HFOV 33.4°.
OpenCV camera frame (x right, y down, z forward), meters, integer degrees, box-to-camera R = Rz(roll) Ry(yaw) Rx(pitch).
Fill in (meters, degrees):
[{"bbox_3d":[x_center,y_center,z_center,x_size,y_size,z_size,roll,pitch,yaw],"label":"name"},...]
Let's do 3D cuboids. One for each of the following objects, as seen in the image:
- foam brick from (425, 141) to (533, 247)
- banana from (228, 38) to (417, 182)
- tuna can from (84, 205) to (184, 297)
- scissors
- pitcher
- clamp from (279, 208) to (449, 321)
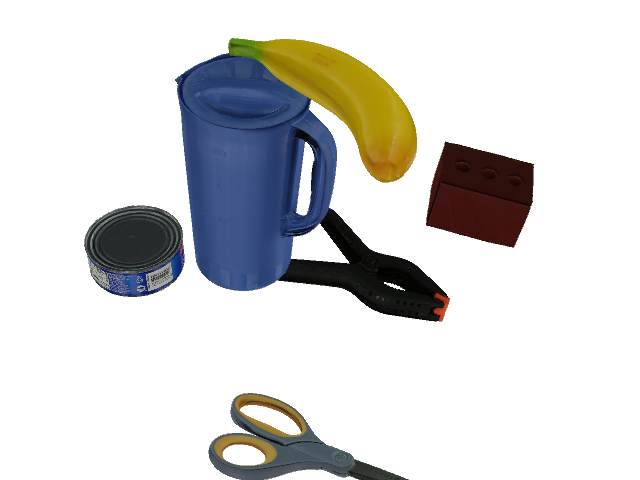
[{"bbox_3d":[0.131,-0.037,0.873,0.078,0.051,0.053,14,44,0],"label":"foam brick"},{"bbox_3d":[0.014,-0.086,0.669,0.069,0.037,0.198,-18,37,-24],"label":"banana"},{"bbox_3d":[-0.163,0.009,0.942,0.086,0.034,0.086,0,43,0],"label":"tuna can"},{"bbox_3d":[-0.002,0.179,0.825,0.202,0.016,0.096,27,40,30],"label":"scissors"},{"bbox_3d":[-0.071,-0.061,1.120,0.145,0.243,0.149,-7,44,-12],"label":"pitcher"},{"bbox_3d":[0.044,0.040,1.221,0.210,0.036,0.164,29,37,22],"label":"clamp"}]
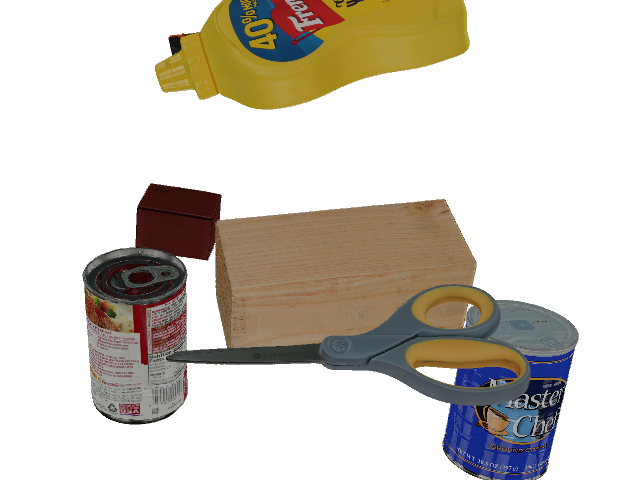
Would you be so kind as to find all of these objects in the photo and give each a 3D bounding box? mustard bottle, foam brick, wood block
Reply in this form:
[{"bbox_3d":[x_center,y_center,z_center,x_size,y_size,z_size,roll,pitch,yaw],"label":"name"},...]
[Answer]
[{"bbox_3d":[-0.010,-0.130,0.671,0.191,0.096,0.058,-18,-37,-1],"label":"mustard bottle"},{"bbox_3d":[-0.143,-0.019,1.084,0.078,0.051,0.053,9,31,3],"label":"foam brick"},{"bbox_3d":[0.017,0.034,0.924,0.206,0.090,0.091,-6,41,-12],"label":"wood block"}]

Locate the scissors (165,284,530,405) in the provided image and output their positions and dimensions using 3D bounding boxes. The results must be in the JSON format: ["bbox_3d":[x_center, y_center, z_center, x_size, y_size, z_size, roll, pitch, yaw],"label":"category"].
[{"bbox_3d":[0.021,0.052,0.618,0.202,0.016,0.096,9,40,8],"label":"scissors"}]

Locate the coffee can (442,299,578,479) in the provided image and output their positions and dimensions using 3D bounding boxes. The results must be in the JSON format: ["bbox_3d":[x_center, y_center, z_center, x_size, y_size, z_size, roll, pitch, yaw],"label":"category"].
[{"bbox_3d":[0.176,0.140,0.998,0.103,0.140,0.103,6,21,-3],"label":"coffee can"}]

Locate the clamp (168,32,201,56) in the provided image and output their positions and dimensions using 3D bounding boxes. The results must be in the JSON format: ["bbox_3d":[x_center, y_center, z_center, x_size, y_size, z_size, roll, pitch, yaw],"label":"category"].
[{"bbox_3d":[-0.057,-0.159,0.880,0.120,0.039,0.172,-16,22,-35],"label":"clamp"}]

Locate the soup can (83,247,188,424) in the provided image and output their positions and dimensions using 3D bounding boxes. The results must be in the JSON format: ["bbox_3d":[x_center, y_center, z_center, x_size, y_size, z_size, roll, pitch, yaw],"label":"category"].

■ The problem ■
Wherever the word "objects" appears in the records above, copy that line.

■ Solved problem ■
Let's do 3D cuboids. One for each of the following objects, as seen in the image:
Would you be so kind as to find all of these objects in the photo and give each a 3D bounding box? mustard bottle, foam brick, wood block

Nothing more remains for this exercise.